▶ [ACTION ITEM]: In the entries below, which lines run from the one containing "text 39.1.3.5. triukšmo, vibracijos" to the one containing "text 39.1.3.16. projektuojamų"? Copy exactly those lines, ends included, and no others.

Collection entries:
-=-=-
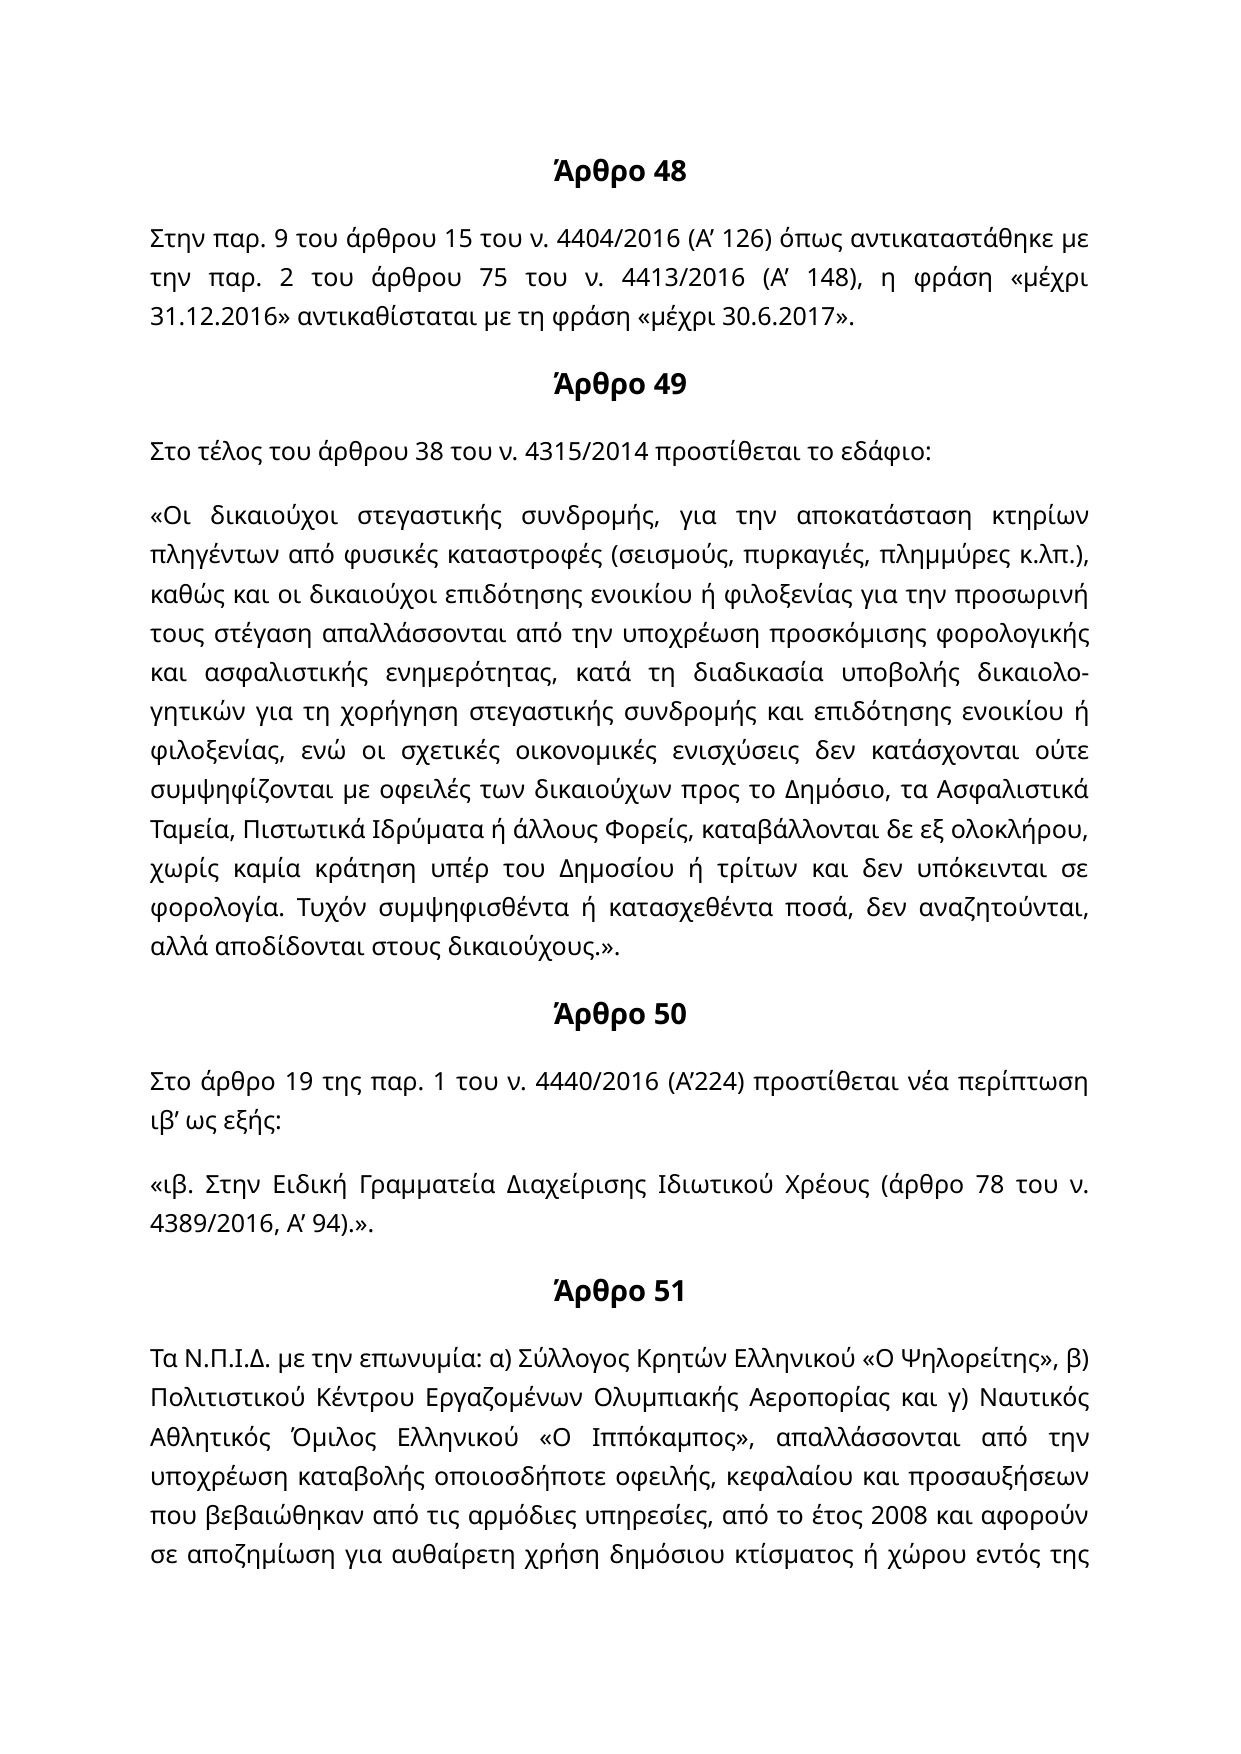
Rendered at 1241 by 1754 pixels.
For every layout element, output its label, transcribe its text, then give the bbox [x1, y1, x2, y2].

subtitle Άρθρο 50 [150, 993, 1090, 1033]
subtitle Άρθρο 49 [150, 363, 1090, 403]
text «Οι δικαιούχοι στεγαστικής συνδρομής, για την αποκατάσταση κτηρίων πληγέντων από φυσικές καταστροφές (σεισμούς, πυρκαγιές, πλημμύρες κ.λπ.), καθώς και οι δικαιούχοι επιδότησης ενοικίου ή φιλοξενίας για την προσωρινή τους στέγαση απαλλάσσονται από την υποχρέωση προσκόμισης φορολογικής και ασφαλιστικής ενημερότητας, κατά τη διαδικασία υποβολής δικαιολο- γητικών για τη χορήγηση στεγαστικής συνδρομής και επιδότησης ενοικίου ή φιλοξενίας, ενώ οι σχετικές οικονομικές ενισχύσεις δεν κατάσχονται ούτε συμψηφίζονται με οφειλές των δικαιούχων προς το Δημόσιο, τα Ασφαλιστικά Ταμεία, Πιστωτικά Ιδρύματα ή άλλους Φορείς, καταβάλλονται δε εξ ολοκλήρου, χωρίς καμία κράτηση υπέρ του Δημοσίου ή τρίτων και δεν υπόκεινται σε φορολογία. Τυχόν συμψηφισθέντα ή κατασχεθέντα ποσά, δεν αναζητούνται, αλλά αποδίδονται στους δικαιούχους.». [150, 498, 1090, 963]
text Στο άρθρο 19 της παρ. 1 του ν. 4440/2016 (Α’224) προστίθεται νέα περίπτωση ιβ’ ως εξής: [150, 1063, 1090, 1137]
text «ιβ. Στην Ειδική Γραμματεία Διαχείρισης Ιδιωτικού Χρέους (άρθρο 78 του ν. 4389/2016, Α’ 94).». [150, 1167, 1090, 1240]
subtitle Άρθρο 51 [150, 1270, 1090, 1310]
text Τα Ν.Π.Ι.Δ. με την επωνυμία: α) Σύλλογος Κρητών Ελληνικού «Ο Ψηλορείτης», β) Πολιτιστικού Κέντρου Εργαζομένων Ολυμπιακής Αεροπορίας και γ) Ναυτικός Αθλητικός Όμιλος Ελληνικού «Ο Ιππόκαμπος», απαλλάσσονται από την υποχρέωση καταβολής οποιοσδήποτε οφειλής, κεφαλαίου και προσαυξήσεων που βεβαιώθηκαν από τις αρμόδιες υπηρεσίες, από το έτος 2008 και αφορούν σε αποζημίωση για αυθαίρετη χρήση δημόσιου κτίσματος ή χώρου εντός της [150, 1341, 1090, 1571]
text Στην παρ. 9 του άρθρου 15 του ν. 4404/2016 (Α’ 126) όπως αντικαταστάθηκε με την παρ. 2 του άρθρου 75 του ν. 4413/2016 (Α’ 148), η φράση «μέχρι 31.12.2016» αντικαθίσταται με τη φράση «μέχρι 30.6.2017». [150, 221, 1090, 333]
subtitle Άρθρο 48 [150, 150, 1090, 190]
text Στο τέλος του άρθρου 38 του ν. 4315/2014 προστίθεται το εδάφιο: [150, 434, 1090, 468]
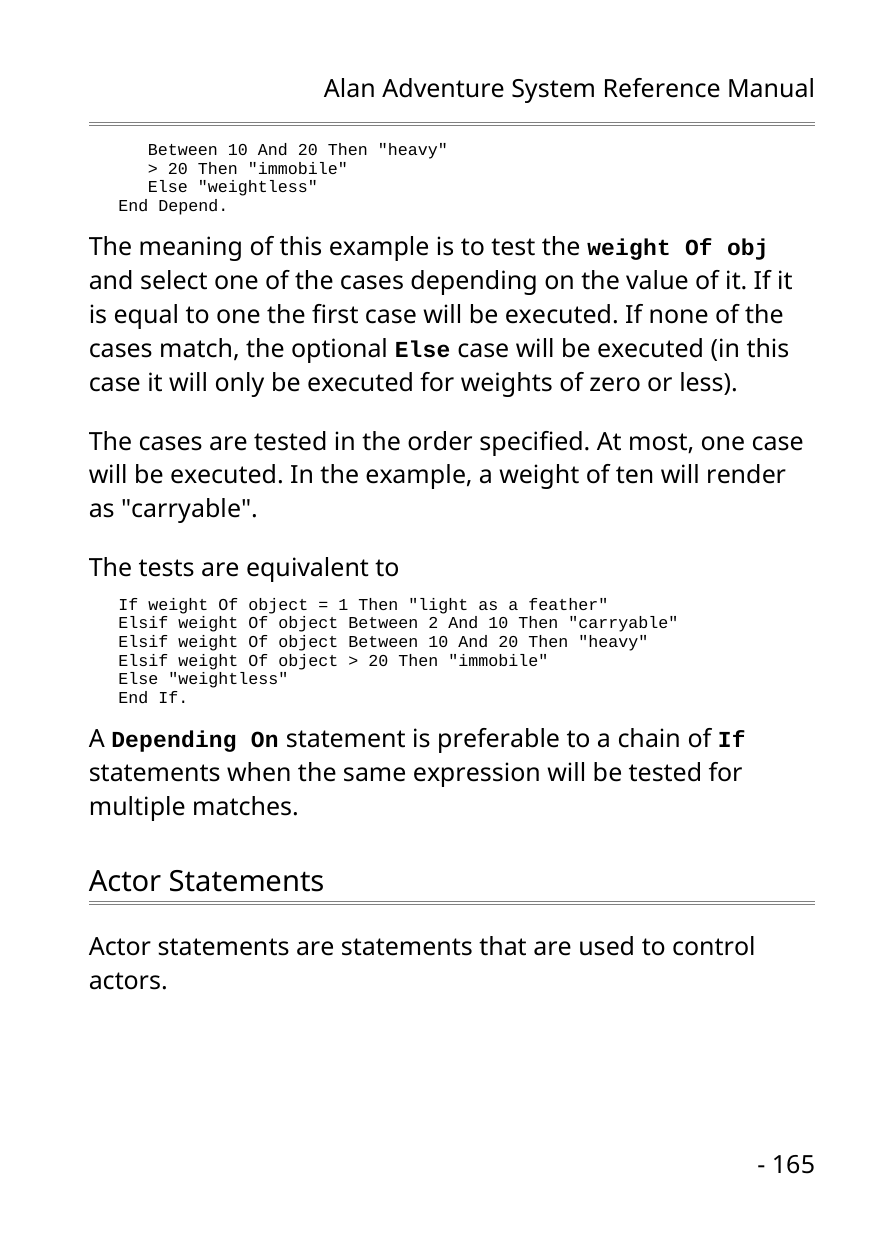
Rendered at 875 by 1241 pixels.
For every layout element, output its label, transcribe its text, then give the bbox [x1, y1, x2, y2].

text Between 10 And 20 Then "heavy" > 20 Then "immobile" Else "weightless" End Depend. [118, 142, 815, 216]
text If weight Of object = 1 Then "light as a feather" Elsif weight Of object Between 2 And 10 Then "carryable" Elsif weight Of object Between 10 And 20 Then "heavy" Elsif weight Of object > 20 Then "immobile" Else "weightless" End If. [118, 597, 815, 708]
text The cases are tested in the order specified. At most, one case will be executed. In the example, a weight of ten will render as "carryable". [88, 423, 815, 525]
text The tests are equivalent to [88, 550, 815, 584]
text The meaning of this example is to test the weight Of obj and select one of the cases depending on the value of it. If it is equal to one the first case will be exe­cuted. If none of the cases match, the optional Else case will be executed (in this case it will only be executed for weights of zero or less). [88, 229, 815, 398]
text A Depending On statement is preferable to a chain of If statements when the same expression will be tested for multiple matches. [88, 721, 815, 822]
text Actor statements are statements that are used to control actors. [88, 929, 815, 997]
subtitle Actor Statements [88, 860, 815, 904]
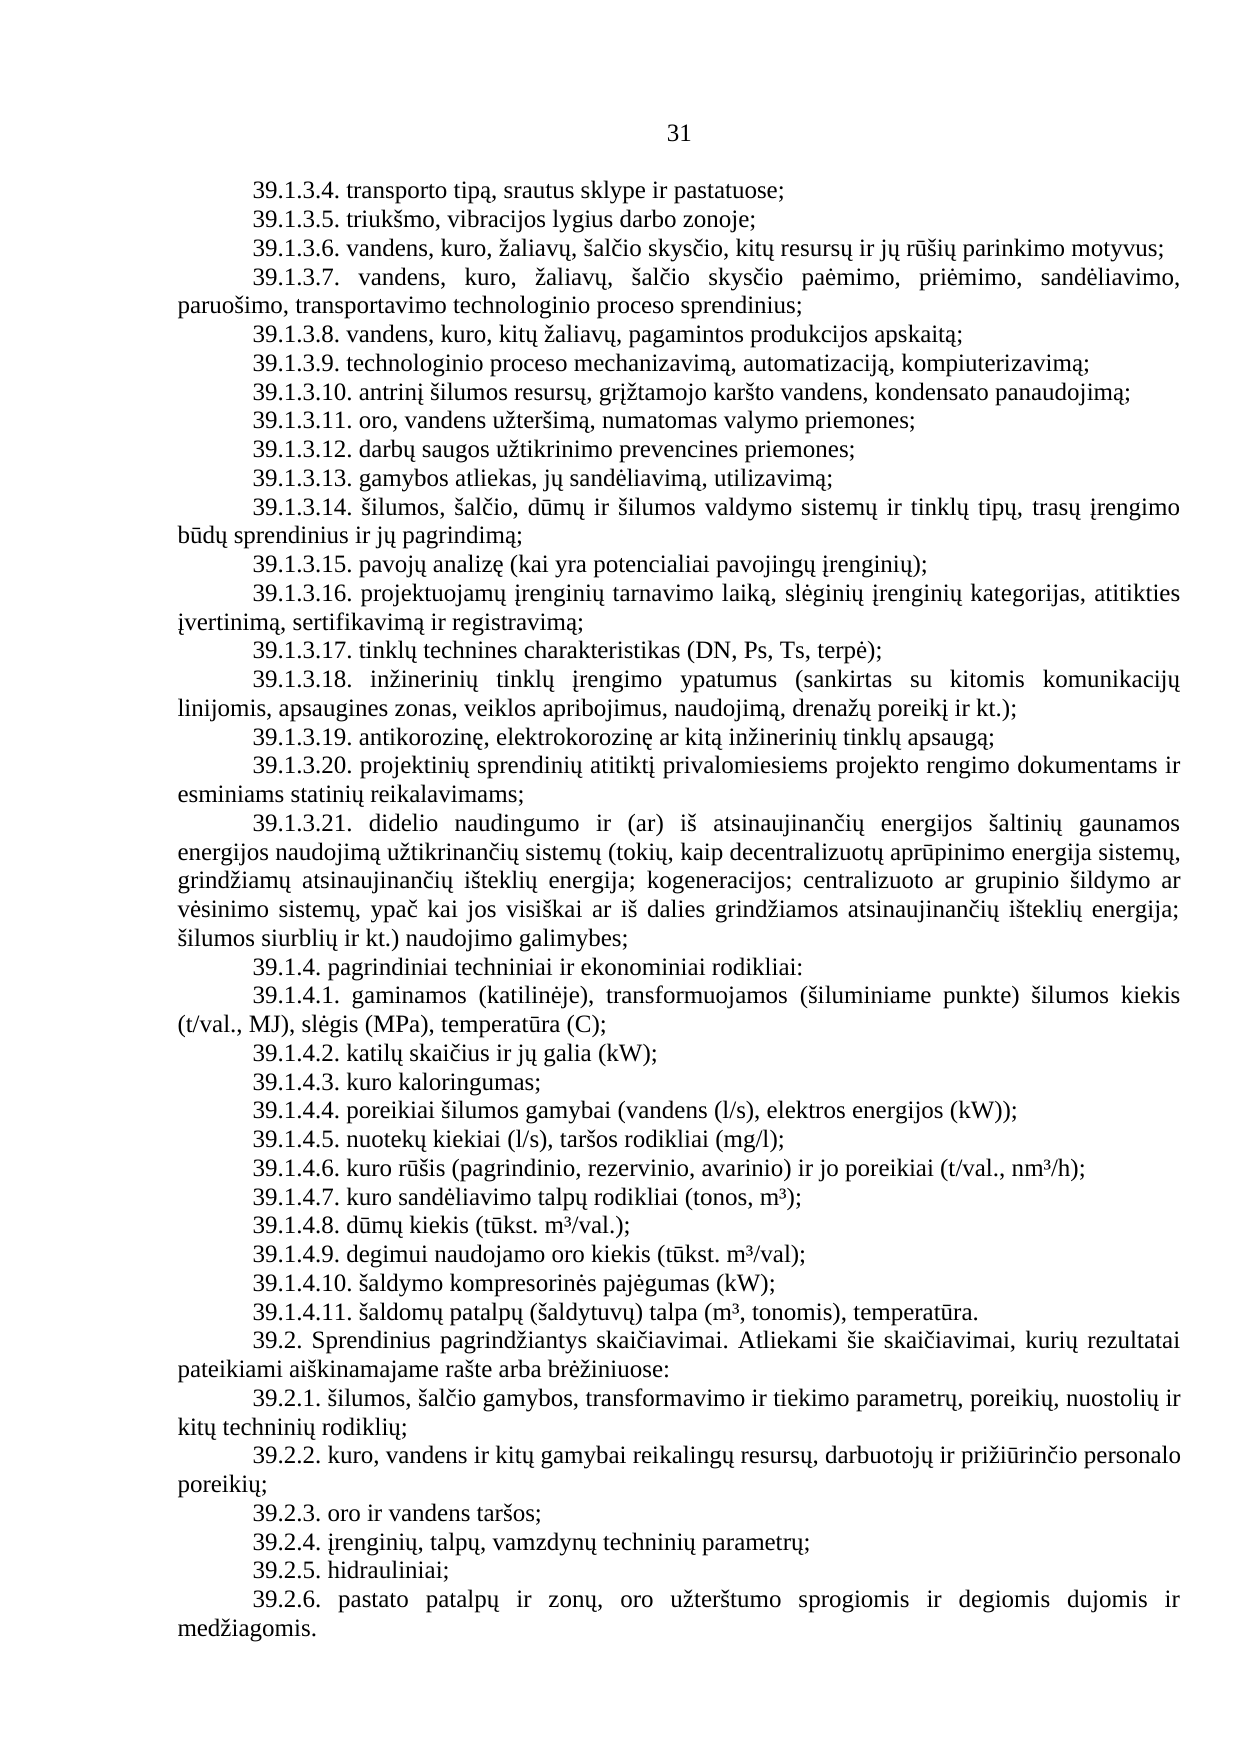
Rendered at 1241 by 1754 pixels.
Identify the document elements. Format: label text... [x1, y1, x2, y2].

text 39.1.3.11. oro, vandens užteršimą, numatomas valymo priemones; [177, 406, 1181, 434]
text 39.1.3.15. pavojų analizę (kai yra potencialiai pavojingų įrenginių); [177, 549, 1181, 578]
text 39.2.6. pastato patalpų ir zonų, oro užterštumo sprogiomis ir degiomis dujomis ir medžiagomis. [177, 1584, 1181, 1642]
text 39.2.2. kuro, vandens ir kitų gamybai reikalingų resursų, darbuotojų ir prižiūrinčio personalo poreikių; [177, 1441, 1181, 1498]
text 39.1.4.8. dūmų kiekis (tūkst. m³/val.); [177, 1211, 1181, 1239]
text 39.2.5. hidrauliniai; [177, 1556, 1181, 1584]
text 39.1.4.10. šaldymo kompresorinės pajėgumas (kW); [177, 1268, 1181, 1297]
text 39.1.4.11. šaldomų patalpų (šaldytuvų) talpa (m³, tonomis), temperatūra. [177, 1297, 1181, 1326]
text 39.1.4.4. poreikiai šilumos gamybai (vandens (l/s), elektros energijos (kW)); [177, 1096, 1181, 1124]
text 39.2.1. šilumos, šalčio gamybos, transformavimo ir tiekimo parametrų, poreikių, nuostolių ir kitų techninių rodiklių; [177, 1383, 1181, 1441]
text 39.1.4.6. kuro rūšis (pagrindinio, rezervinio, avarinio) ir jo poreikiai (t/val., nm³/h); [177, 1153, 1181, 1182]
text 39.1.3.7. vandens, kuro, žaliavų, šalčio skysčio paėmimo, priėmimo, sandėliavimo, paruošimo, transportavimo technologinio proceso sprendinius; [177, 262, 1181, 319]
text 39.1.4.2. katilų skaičius ir jų galia (kW); [177, 1038, 1181, 1067]
text 39.1.3.18. inžinerinių tinklų įrengimo ypatumus (sankirtas su kitomis komunikacijų linijomis, apsaugines zonas, veiklos apribojimus, naudojimą, drenažų poreikį ir kt.); [177, 664, 1181, 722]
text 39.2. Sprendinius pagrindžiantys skaičiavimai. Atliekami šie skaičiavimai, kurių rezultatai pateikiami aiškinamajame rašte arba brėžiniuose: [177, 1326, 1181, 1383]
text 39.1.4. pagrindiniai techniniai ir ekonominiai rodikliai: [177, 952, 1181, 981]
text 39.1.4.1. gaminamos (katilinėje), transformuojamos (šiluminiame punkte) šilumos kiekis (t/val., MJ), slėgis (MPa), temperatūra (C); [177, 981, 1181, 1038]
text 39.1.3.4. transporto tipą, srautus sklype ir pastatuose; [177, 176, 1181, 204]
text 39.1.4.5. nuotekų kiekiai (l/s), taršos rodikliai (mg/l); [177, 1124, 1181, 1153]
text 39.1.4.3. kuro kaloringumas; [177, 1067, 1181, 1096]
text 39.1.3.20. projektinių sprendinių atitiktį privalomiesiems projekto rengimo dokumentams ir esminiams statinių reikalavimams; [177, 751, 1181, 808]
text 39.1.3.12. darbų saugos užtikrinimo prevencines priemones; [177, 434, 1181, 463]
text 39.1.3.5. triukšmo, vibracijos lygius darbo zonoje; [177, 204, 1181, 233]
text 39.1.3.10. antrinį šilumos resursų, grįžtamojo karšto vandens, kondensato panaudojimą; [177, 377, 1181, 406]
text 39.1.3.14. šilumos, šalčio, dūmų ir šilumos valdymo sistemų ir tinklų tipų, trasų įrengimo būdų sprendinius ir jų pagrindimą; [177, 492, 1181, 549]
text 39.1.3.8. vandens, kuro, kitų žaliavų, pagamintos produkcijos apskaitą; [177, 319, 1181, 348]
text 39.1.3.13. gamybos atliekas, jų sandėliavimą, utilizavimą; [177, 463, 1181, 492]
text 39.1.3.17. tinklų technines charakteristikas (DN, Ps, Ts, terpė); [177, 636, 1181, 664]
text 39.2.3. oro ir vandens taršos; [177, 1498, 1181, 1527]
text 39.2.4. įrenginių, talpų, vamzdynų techninių parametrų; [177, 1527, 1181, 1556]
text 39.1.3.19. antikorozinę, elektrokorozinę ar kitą inžinerinių tinklų apsaugą; [177, 722, 1181, 751]
text 39.1.3.21. didelio naudingumo ir (ar) iš atsinaujinančių energijos šaltinių gaunamos energijos naudojimą užtikrinančių sistemų (tokių, kaip decentralizuotų aprūpinimo energija sistemų, grindžiamų atsinaujinančių išteklių energija; kogeneracijos; centralizuoto ar grupinio šildymo ar vėsinimo sistemų, ypač kai jos visiškai ar iš dalies grindžiamos atsinaujinančių išteklių energija; šilumos siurblių ir kt.) naudojimo galimybes; [177, 808, 1181, 952]
text 39.1.4.7. kuro sandėliavimo talpų rodikliai (tonos, m³); [177, 1182, 1181, 1211]
text 39.1.3.9. technologinio proceso mechanizavimą, automatizaciją, kompiuterizavimą; [177, 348, 1181, 377]
text 39.1.3.16. projektuojamų įrenginių tarnavimo laiką, slėginių įrenginių kategorijas, atitikties įvertinimą, sertifikavimą ir registravimą; [177, 578, 1181, 636]
text 39.1.3.6. vandens, kuro, žaliavų, šalčio skysčio, kitų resursų ir jų rūšių parinkimo motyvus; [177, 233, 1181, 262]
text 39.1.4.9. degimui naudojamo oro kiekis (tūkst. m³/val); [177, 1239, 1181, 1268]
-=-=-
▶ [RESULT OF THE TASK]:
text 39.1.3.5. triukšmo, vibracijos lygius darbo zonoje; [177, 204, 1181, 233]
text 39.1.3.10. antrinį šilumos resursų, grįžtamojo karšto vandens, kondensato panaudojimą; [177, 377, 1181, 406]
text 39.1.3.14. šilumos, šalčio, dūmų ir šilumos valdymo sistemų ir tinklų tipų, trasų įrengimo būdų sprendinius ir jų pagrindimą; [177, 492, 1181, 549]
text 39.1.3.8. vandens, kuro, kitų žaliavų, pagamintos produkcijos apskaitą; [177, 319, 1181, 348]
text 39.1.3.13. gamybos atliekas, jų sandėliavimą, utilizavimą; [177, 463, 1181, 492]
text 39.1.3.17. tinklų technines charakteristikas (DN, Ps, Ts, terpė); [177, 636, 1181, 664]
text 39.2.3. oro ir vandens taršos; [177, 1498, 1181, 1527]
text 39.2.4. įrenginių, talpų, vamzdynų techninių parametrų; [177, 1527, 1181, 1556]
text 39.1.3.19. antikorozinę, elektrokorozinę ar kitą inžinerinių tinklų apsaugą; [177, 722, 1181, 751]
text 39.1.3.21. didelio naudingumo ir (ar) iš atsinaujinančių energijos šaltinių gaunamos energijos naudojimą užtikrinančių sistemų (tokių, kaip decentralizuotų aprūpinimo energija sistemų, grindžiamų atsinaujinančių išteklių energija; kogeneracijos; centralizuoto ar grupinio šildymo ar vėsinimo sistemų, ypač kai jos visiškai ar iš dalies grindžiamos atsinaujinančių išteklių energija; šilumos siurblių ir kt.) naudojimo galimybes; [177, 808, 1181, 952]
text 39.1.4.7. kuro sandėliavimo talpų rodikliai (tonos, m³); [177, 1182, 1181, 1211]
text 39.1.3.9. technologinio proceso mechanizavimą, automatizaciją, kompiuterizavimą; [177, 348, 1181, 377]
text 39.1.3.16. projektuojamų įrenginių tarnavimo laiką, slėginių įrenginių kategorijas, atitikties įvertinimą, sertifikavimą ir registravimą; [177, 578, 1181, 636]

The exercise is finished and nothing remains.